I would like to have a contactless distance sensor with 10um accuracy at a distance of about 200mm. The displacements I am trying to measure are <5mm, so the 200mm are only needed because I cannot get closer. The needed measurement frequency is low (10Hz is sufficient).
So far I used an ultrasonic sensor for this application, but the accuracy is limited to about ~100um. The displacements. So I was thinking about triangulation sensors. This one for instance would perfectly fit my application: https://sensorpartners.com/en/product/sensor-instruments-l-las-lt-130-sl/
It is only very expensive. My budget is about E100,-
@TomGeorge I would like to measure the deformations of a cylinder under aerodynamics loads (thats why I would like to take a distance of about 200mm). I know my deformations are in the range of 0.0-0.5mm (by means of the measurements I did previously with an ultrasonic sensor)
@robtillaart I know the datasheet is lacking info. That is why I am asking on this forum for anyone with experience with this sensor.
@jremington you could be right that 10um is unrealistic for E100,-. But usually hobby electronics are much cheaper then industrial ones
Here are the specs for that ultrasonic sensor. You seem to be overstating the accuracy (which is stated as 1%, usually interpreted as percent of full scale, so +/- 3.5 mm for 350 mm), so I'm wondering if you are confusing resolution with accuracy.
resolution 0.025 mm to 0.17 mm, depending on the analogue window reproducibility ± 0.15 % accuracy ± 1 % (temperature drift internally compensated)
For sensors, accuracy is absolute, referred to international standards and requires calibration. Expect to pay 10x for each factor of 10 increase in certified accuracy.
Why I can use the ultrasonic sensor is that I am only measuring deformations. So first I wait for half an hour to make sure my setup is thermally stable. Next I calibrate my sensor to zero when no load is applied (so that is why I am not concerned about accuracy). Finally, I average over a lot of samples to increase the precision to about 0.1mm.
Glad to have that cleared up. Manufacturers of professional equipment charge for the certified accuracy, so you can save some money by looking at the precision (sometimes referred to as repeatability) instead.
For a factor of 10X increase in precision with ultrasonic sensors, the frequency has to increase, so look in the 3-4 MHz range.
So you would prefer an ultrasonic sensor with MHz transducer frequency over a laser triangulation sensor?
I have done a quick google search, but I cannot find a ultrasonic sensor with MHz frequency. Do they have a specific name? Do you have any suggestions?
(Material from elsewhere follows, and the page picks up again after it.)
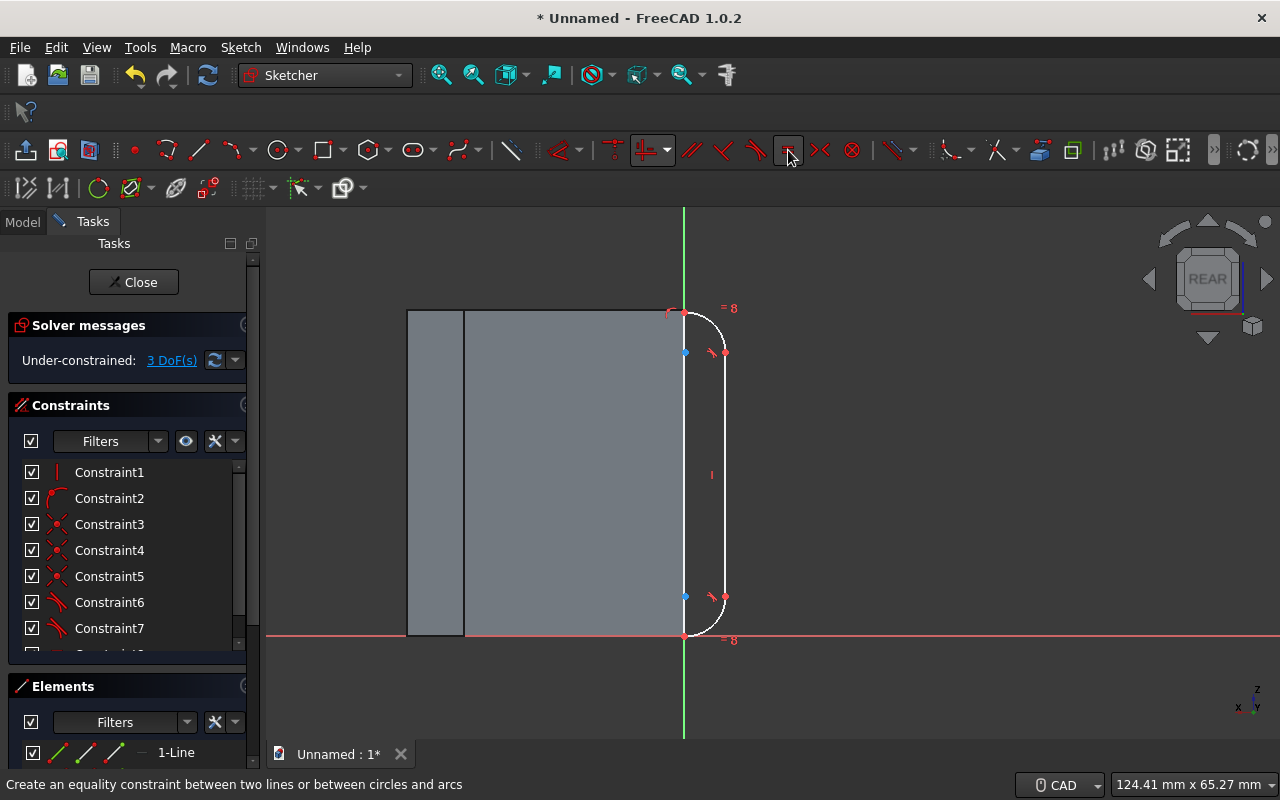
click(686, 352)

Thanks a lot by the way for your helpful responses!
The attenuation coefficient for ultrasound in air is 12 dB/cm/MHz, so it could be used in air for short (cm) distances. But again, probably not generally practical.
The uncertainty you are looking for is not unrealistic but I do not see it happening on your proposed budget. In the past I have used Micro Epsilon Lazer Measuring Systems but they are way, way beyond your budget. I don't know of anything at a low cost that will give you what you want.
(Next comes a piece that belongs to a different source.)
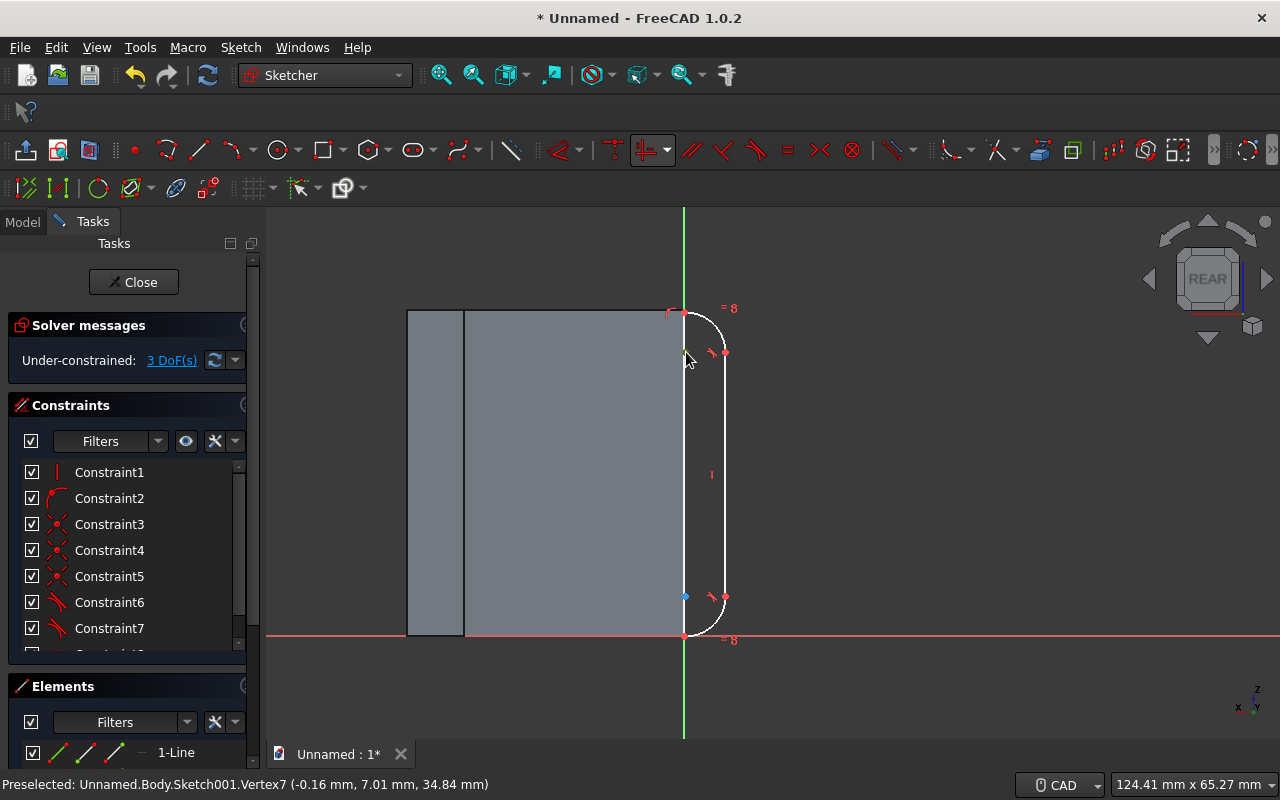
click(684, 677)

Nice to see the issue of accuracy verse precision worked out. jremington did an excellent explanation on that subject.
This application note doesn't give any data on linearity or precision, but I'd expect it to be pretty linear over short distances.
The application is using a linear Hall effect sensor to measure displacement by measuring the flux density of a magnetic field. The distance between the sensor and magnet can thus be calculated.
It's an approach I've always wanted to experiment with but never had the time. That and I only have equipment that can measure down to 0.0001"
Arduino application: you can use a high resolution A/D converter to measure the Hall sensor output. It will require a bit of experimentation, but it might yield surprisingly accurate results.
@Ron_Blain I guess you are right. The only way forward is revisiting my budget.
@TomGeorge thank you for your suggestion. I could probably improve a little by using high frequency ultrasonic devices. laser time of flight sensors are definately not precise enough.
@cedarlakeinstruments I like your suggestion of the use of an hall effect sensor. I expect quite some issues with temperature drift, but it should be doable. But it will probably a project on its own.